The potential clinical impacts of being able to identify the causative pathogen of any infection is directly related to how much knowing the taxon would serve to direct empiric antibiotic therapy [3]. To assess this, it is also desirable to know the local epidemiology (community –preferable– or hospital surveillance data) and associated resistance patterns in each setting [43]. MALDI-TOF MS has already proved its usefulness in reducing the time to effective and optimal antibiotic treatment in both bacteremia and candidemia [11], [44], [45]. In effect, the value of microbiologic data is often inversely proportional to the time interval necessary for its generation [3].
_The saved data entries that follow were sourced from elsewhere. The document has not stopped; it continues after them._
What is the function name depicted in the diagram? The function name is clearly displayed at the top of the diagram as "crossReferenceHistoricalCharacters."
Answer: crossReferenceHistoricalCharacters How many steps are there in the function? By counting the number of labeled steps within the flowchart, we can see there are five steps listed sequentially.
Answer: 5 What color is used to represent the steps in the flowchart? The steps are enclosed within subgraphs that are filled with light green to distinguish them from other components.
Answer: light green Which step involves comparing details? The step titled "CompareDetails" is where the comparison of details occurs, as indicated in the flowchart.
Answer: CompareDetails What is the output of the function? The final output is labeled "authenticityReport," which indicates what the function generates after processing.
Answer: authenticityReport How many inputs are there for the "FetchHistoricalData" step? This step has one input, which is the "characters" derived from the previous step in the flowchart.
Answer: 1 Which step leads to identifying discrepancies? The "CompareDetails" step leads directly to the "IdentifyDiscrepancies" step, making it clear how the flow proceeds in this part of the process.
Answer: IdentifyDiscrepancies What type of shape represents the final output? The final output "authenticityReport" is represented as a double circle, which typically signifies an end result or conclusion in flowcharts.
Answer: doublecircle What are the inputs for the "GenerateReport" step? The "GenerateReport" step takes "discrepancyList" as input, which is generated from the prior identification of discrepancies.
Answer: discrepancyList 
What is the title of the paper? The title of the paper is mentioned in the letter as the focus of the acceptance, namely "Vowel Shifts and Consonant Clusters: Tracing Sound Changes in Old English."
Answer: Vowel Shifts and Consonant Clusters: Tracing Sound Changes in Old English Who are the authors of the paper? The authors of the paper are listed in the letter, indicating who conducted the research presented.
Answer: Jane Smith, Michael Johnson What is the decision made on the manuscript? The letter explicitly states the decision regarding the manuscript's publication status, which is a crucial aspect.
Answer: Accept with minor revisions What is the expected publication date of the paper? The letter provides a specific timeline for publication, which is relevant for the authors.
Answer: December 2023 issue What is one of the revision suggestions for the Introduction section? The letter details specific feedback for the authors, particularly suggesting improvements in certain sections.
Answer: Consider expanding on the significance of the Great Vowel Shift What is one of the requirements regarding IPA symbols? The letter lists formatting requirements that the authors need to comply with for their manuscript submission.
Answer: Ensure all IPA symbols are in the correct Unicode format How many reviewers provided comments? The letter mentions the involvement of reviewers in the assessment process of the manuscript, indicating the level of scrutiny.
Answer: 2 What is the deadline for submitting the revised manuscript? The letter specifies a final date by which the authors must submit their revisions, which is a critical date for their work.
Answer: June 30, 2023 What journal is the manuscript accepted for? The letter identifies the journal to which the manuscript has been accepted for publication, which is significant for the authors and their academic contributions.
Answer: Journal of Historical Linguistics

Our serial diagnostic algorithm Gram stain plus MALDI-TOF MS was able to provide in under an hour an etiologic diagnosis of UTI. This diagnosis allows for the adjustment of empiric antibiotic treatment, especially when the causative microorganism are not those most frequently associated with this type of infection (i.e., non-fermenting Gram-negative bacilli, yeasts) or when they have resistance mechanisms (i.e., AmpC betalactamase-producing Enterobacteriaceae, Staphylococcus aureus).

As a limitation of our study, we should mention that being a single-center study, its results may only reflect local practice patterns. However, we included 1000 urine samples from all types of patients and did not preselect any subgroup with greater clinical suspicion of UTI. A disadvantage of the method proposed is that it requires a minimum sample volume of 15 ml of urine.

Future studies should address the clinical impacts of our rapid diagnosis algorithm for UTI by examining its capacity to improve the adequacy of treatment in terms of reducing the time of empiric antibiotic treatment or allowing for the earlier withdrawal of unnecessary antibiotics.